TS: That was the conflict over South Ossetia.
GS: Yeah. And the day I left was the day that that kicked off. So they called me the day before, to say the trip was still going ahead. And I was like "What do you mean? Why would it not?" And they said, "Well-read the newspaper." And I was like, "OK, shit." The mountain is about two miles away from the Georgian border. So after we summitted, we were out for this celebratory sort of trek around the local area. And we were walking down a valley, just three of us strolling along wearing sunglasses and t-shirts. Then we suddenly looked behind us to find three AK-47s pointed in our faces, and someone saying "Hands up." And we were wondering what was going on, and they told us we were about a mile away from the Georgian border, and this was the main pass that people used to cross it. I was like, "Oh Christ." That was probably the most exciting part of the trip other than that it went without troubles.
And then I started here at St Andrews in September, 2008, and after my first year I went to Alaska in June to climb Denali. Which was absolutely phenomenal.
It seemed ill-fated, because I got tonsillitis two weeks before I left, and then my grandmother died the day before I left. So it really wasn't going well. But Alaska is really remarkable place. As a state, its awesome. Its odd because we went from a local town where, you know, they're selling Starbucks and Coca Cola and we got a plane to the glacier. So you land on the snow, and suddenly you go from this commercialized society to basically three tents, with absolute wilderness all around you. And it was an unsupported trip, so it was just my team (which was myself, three guides and eight others), completely unsupported. So it was only us and our sledges used to carry group equipment and food. We were roped together in three teams all the time to protect us from the crevasses on the lower glaciers. So it was a real team ethic, which was a change from Kilimanjaro where I was by myself the whole time. This one, you're suddenly a real team, and you're carrying all your food the whole time. But it was a fantastic trip. Just a stunning place. And we all made it to the top.
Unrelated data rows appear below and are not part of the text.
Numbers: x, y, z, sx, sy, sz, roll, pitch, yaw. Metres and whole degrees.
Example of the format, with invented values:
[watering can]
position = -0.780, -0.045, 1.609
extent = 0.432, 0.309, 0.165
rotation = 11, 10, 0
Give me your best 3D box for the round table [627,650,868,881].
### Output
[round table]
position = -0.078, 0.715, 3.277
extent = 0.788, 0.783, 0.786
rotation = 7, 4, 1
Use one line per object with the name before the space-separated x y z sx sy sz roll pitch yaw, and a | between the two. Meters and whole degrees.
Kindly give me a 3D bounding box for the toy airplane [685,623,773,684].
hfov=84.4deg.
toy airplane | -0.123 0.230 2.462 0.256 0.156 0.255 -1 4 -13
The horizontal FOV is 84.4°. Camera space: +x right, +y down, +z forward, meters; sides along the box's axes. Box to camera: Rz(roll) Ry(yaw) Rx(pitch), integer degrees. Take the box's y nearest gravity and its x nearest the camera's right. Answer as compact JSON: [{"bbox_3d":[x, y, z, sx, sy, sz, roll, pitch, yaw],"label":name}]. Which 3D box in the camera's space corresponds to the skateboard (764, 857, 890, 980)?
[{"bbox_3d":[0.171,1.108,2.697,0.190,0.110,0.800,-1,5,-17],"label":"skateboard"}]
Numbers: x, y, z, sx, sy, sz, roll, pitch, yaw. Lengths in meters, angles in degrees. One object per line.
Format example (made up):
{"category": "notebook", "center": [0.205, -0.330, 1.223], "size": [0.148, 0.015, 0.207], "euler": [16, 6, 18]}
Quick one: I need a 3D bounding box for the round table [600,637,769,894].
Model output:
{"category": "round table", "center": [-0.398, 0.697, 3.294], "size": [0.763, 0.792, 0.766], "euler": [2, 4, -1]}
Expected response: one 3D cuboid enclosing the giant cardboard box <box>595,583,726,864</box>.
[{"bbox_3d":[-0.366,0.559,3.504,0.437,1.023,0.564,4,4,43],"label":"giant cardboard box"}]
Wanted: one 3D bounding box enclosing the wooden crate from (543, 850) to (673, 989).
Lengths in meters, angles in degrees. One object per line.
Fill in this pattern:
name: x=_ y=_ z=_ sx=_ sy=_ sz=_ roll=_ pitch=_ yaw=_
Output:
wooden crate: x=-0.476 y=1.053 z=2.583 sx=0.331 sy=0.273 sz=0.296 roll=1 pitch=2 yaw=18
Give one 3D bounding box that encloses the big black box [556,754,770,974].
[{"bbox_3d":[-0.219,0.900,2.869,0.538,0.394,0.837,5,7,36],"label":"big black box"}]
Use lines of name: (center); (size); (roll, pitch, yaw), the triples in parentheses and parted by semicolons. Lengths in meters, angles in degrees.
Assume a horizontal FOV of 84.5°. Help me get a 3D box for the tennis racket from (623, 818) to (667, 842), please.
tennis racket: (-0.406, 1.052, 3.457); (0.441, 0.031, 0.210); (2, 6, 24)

TS: What made you decide to try to climb all seven?
GS: I suppose I started reading about it when I was 17. I was revising for my exams, and my dad gave me a book by a chap called Bear Grylls. Grylls was actually at my old school, and he gave a talk there, when I was about 9, about climbing Everest. And I'd love to say that inspired me at the age of 9, and maybe it did subconsciously. But my dad gave me his book when I was 17, and I started reading it. And I thought, "Wow. This is what I want to do. I want to climb Everest." And at the end, someone who had done his trip said he had gone on to climb the seven summits. So I obviously investigated this, and it seemed like a great step towards climbing Everest. So I was revising 45 minutes for my exams, and then allowing myself 15 minutes to analyse these mountains and make plans. Like figuring out when the best times were to climb and the best routes to take. And one of the plans I made was to aim to have my 21st birthday on Everest. It's ironic now that its happening. So after I started thinking about climbing the seven summits, I tried to figure out the best way to go about doing it. So I booked my trip to South America actually without my parents knowing that summer. Then I slowly let them into this crazy psychology that I had that I wanted to climb mountains. And I'm not quite sure why they let me do it, because I didn't have much experience, and it was the highest mountain in the Southern Hemisphere. So I wandered off to South America.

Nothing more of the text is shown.